Autores: Giovanna Gini (University of Oxford, Reino Unido), Hanne Wiegel (Centro de Pesquisa em Clima e Resiliência CR2, Universidade do Chile), Gilles Hallé (Pontificia Universidad Javeriana, Bogotá, Colômbia) e Sandra Megens (Universidade de Wageningen, Países Baixos)
Este blog emerge do painel intitulado "Mudanças climáticas, (im)mobilidades e lutas por justiça na América Latina", parte da conferência SLAS2024, onde apresentaram Hanne Wiegel (Centro de Pesquisa em Clima e Resiliência CR2, Chile), Giovanna Gini (University of Oxford, Reino Unido), Gilles Hallé (Universidad Javeriana, Bogotá, Colômbia) e Sandra Megens (Universidade de Wageningen, Países Baixos). O painel discutiu diferentes estudos de caso da Colômbia, Chile, Brasil e Equador, nos quais foram explorados diversos processos relacionados à mobilidade induzida pelas mudanças climáticas.
Embora os casos tenham sido diversos e diferentes etapas do ciclo de (in)mobilidade tenham sido discutidas, nas seções a seguir apresentamos os principais pontos em comum entre as quatro apresentações.
Perspectiva histórica e estrutural
Argumentamos que é fundamental adotar uma perspectiva holística no estudo das (in)movilidades humanas vinculadas às mudanças climáticas. Essas mobilidades não ocorrem em um vácuo, mas estão entrelaçadas em seu contexto histórico e estrutural, muitas vezes em uma longa trajetória de violências multidimensionais sofridas pelos grupos mais marginalizados e explorados, como as comunidades indígenas, rurais e afrodescendentes.
Qualquer noção de justiça climática e de (in)movilidades por fatores climático-ambientais deve necessariamente reconhecer as estruturas que perpetuam e, mais ainda, agudizam a marginalização, a precarização e a discriminação, como a falta de titulação de terras, a ausência de acesso a serviços básicos, a falta de cumprimento estatal e os projetos extrativistas expulsivos, entre outros fatores. Por exemplo, um estudo sobre o Gran Chaco Americano reconheceu como um desafio crescente as (in)movilidades relacionadas às mudanças climáticas, devido à escassez de água, uma consequência direta de períodos de seca cada vez mais prolongados e intensos. Um fator chave é a falta de investimento público em sistemas que melhorem o acesso à água para consumo humano, pecuária e agricultura de pequena escala. Essa problemática é especialmente aguda na região do Chaco Central, onde a população enfrenta um estado de estresse hídrico quase constante devido a secas repetidas.

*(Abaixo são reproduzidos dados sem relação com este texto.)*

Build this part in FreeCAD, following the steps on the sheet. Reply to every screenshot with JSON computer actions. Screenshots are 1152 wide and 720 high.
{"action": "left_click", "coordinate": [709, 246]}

No Vale do Chota, localizado no norte semiárido do Equador, as comunidades afrodescendentes são gravemente afetadas pela escassez hídrica, exacerbada pela falta de chuvas e secas prolongadas. Essas comunidades, descendentes de africanos escravizados trazidos na época colonial para trabalhar em plantações de cana-de-açúcar, foram historicamente marginalizadas e enfrentam profundas desigualdades que limitam seu acesso a recursos essenciais como a água. Isso ameaça não apenas suas atividades agrícolas, mas também seu patrimônio e identidade cultural, que estão intimamente ligados à terra e à água.

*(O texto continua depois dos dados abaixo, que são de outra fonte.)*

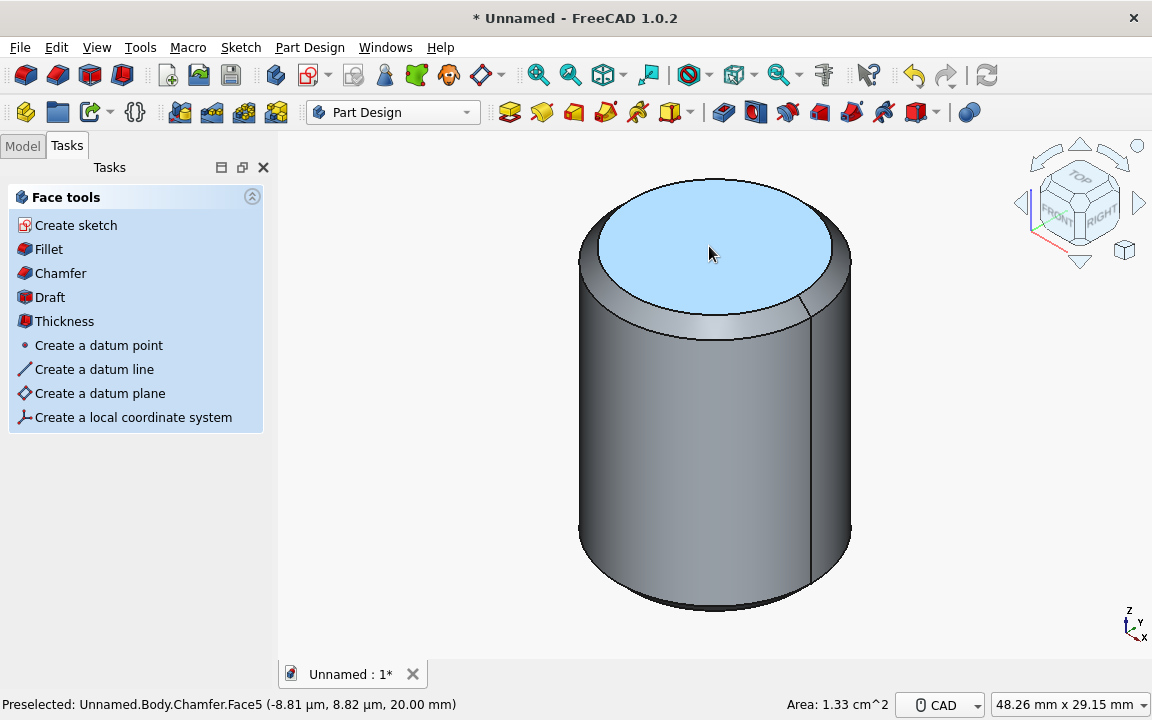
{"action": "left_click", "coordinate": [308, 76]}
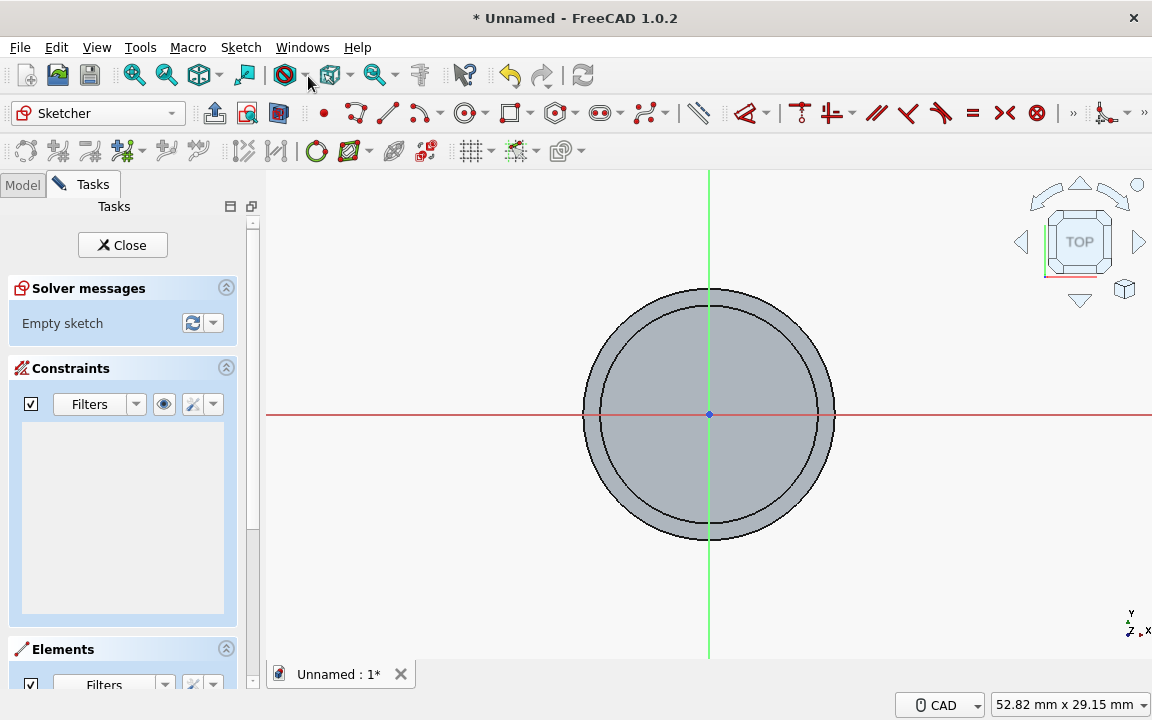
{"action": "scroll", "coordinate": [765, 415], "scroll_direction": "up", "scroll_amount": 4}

A gravidade dessa situação sublinha uma verdade fundamental: a disponibilidade de água na qualidade e quantidade adequadas é essencial para a vida — reconhecida no Direito Humano à Água. Portanto, garantir um suprimento de água suficiente, salubre, aceitável, acessível e acessível para uso pessoal, doméstico e na agricultura familiar não é apenas uma necessidade, mas também uma obrigação urgente para a sobrevivência das populações afetadas por secas. Somente com um acesso à água garantido pode-se facilitar uma melhor adaptação a secas prolongadas, seja para apoiar uma migração resiliente e com maiores níveis de autodeterminação, ou para permitir uma imobilidade em condições de dignidade e qualidade de vida.

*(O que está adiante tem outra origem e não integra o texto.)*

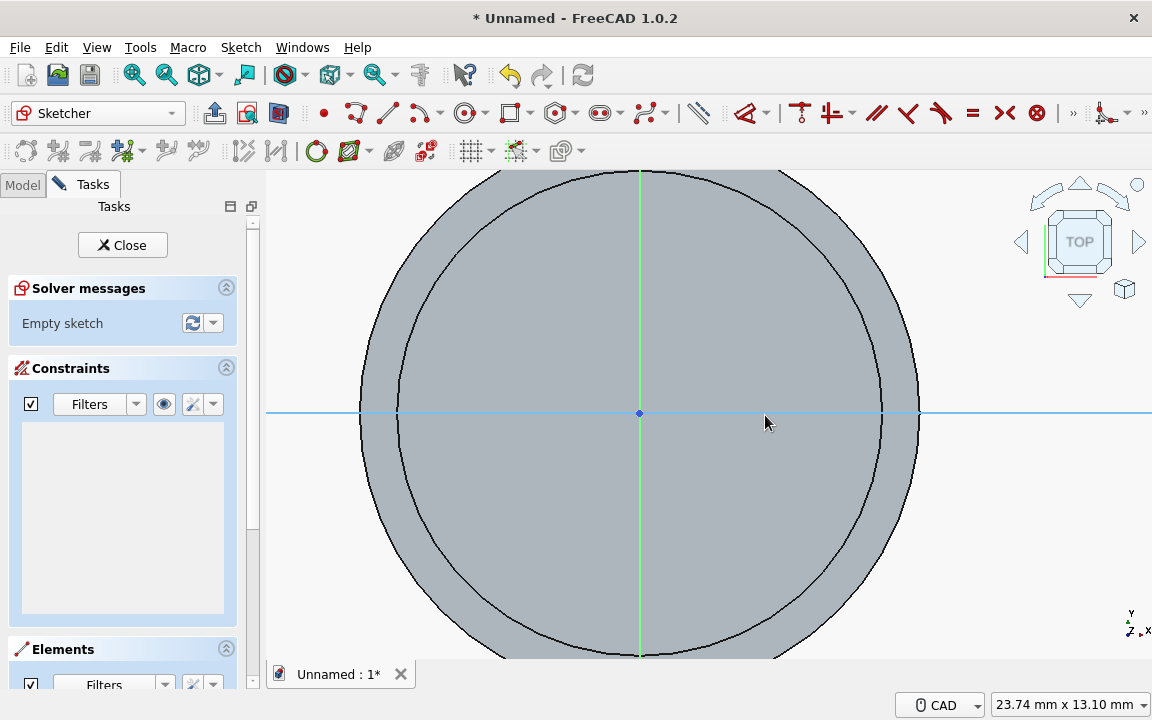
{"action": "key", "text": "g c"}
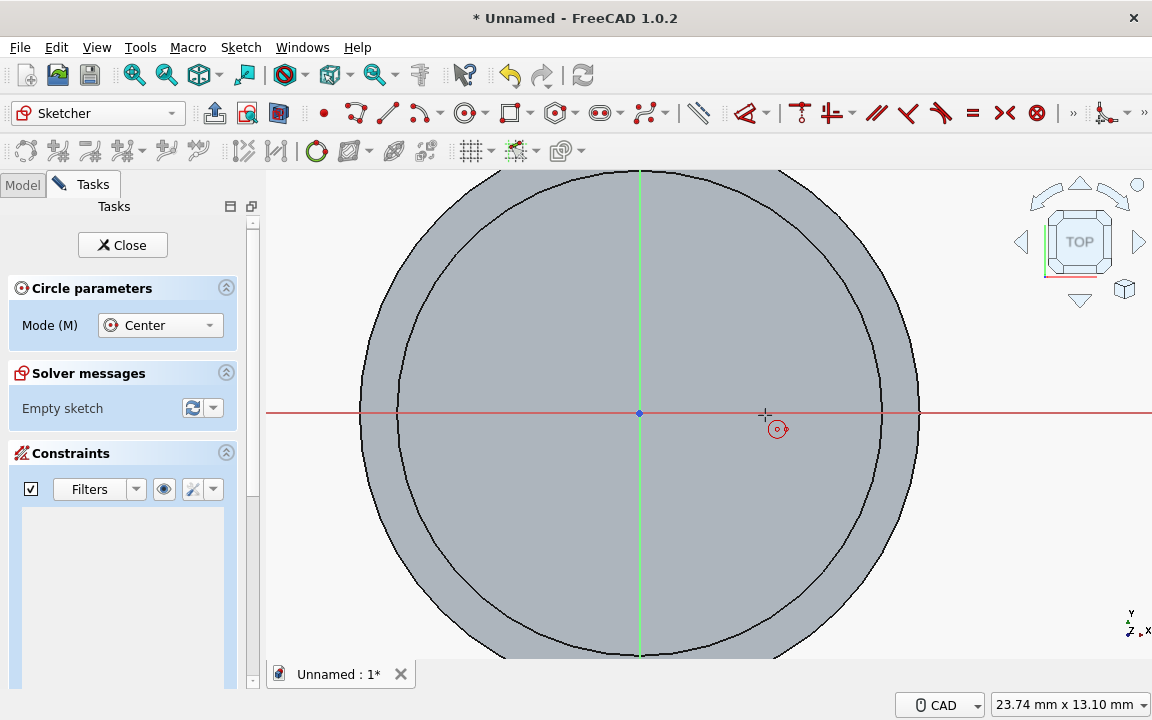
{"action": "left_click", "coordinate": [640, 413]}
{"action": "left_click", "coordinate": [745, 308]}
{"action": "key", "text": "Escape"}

Em outro estudo realizado nos bairros das altas encostas de Medellín, Colômbia, identificou-se a falta de consideração e atenção da administração pública local aos riscos socioambientais e climáticos que as populações marginalizadas, empobrecidas e frequentemente deslocadas devido à violência enfrentam. Essa situação ocorre em todo o ciclo da mobilidade por fatores ambientais, desde a prevenção e preparação até a recuperação, reparação, mobilização e eventual retorno, em outras palavras, antes, durante e depois de fenômenos climáticos extremos ou incêndios de cobertura vegetal. As ameaças ambientais se somam, agudizando as situações de abandono, invisibilização, estigmatização e ameaças que as comunidades enfrentam desde sua instalação, há vinte anos, devido à violência estrutural que sofriam nas áreas rurais onde viviam.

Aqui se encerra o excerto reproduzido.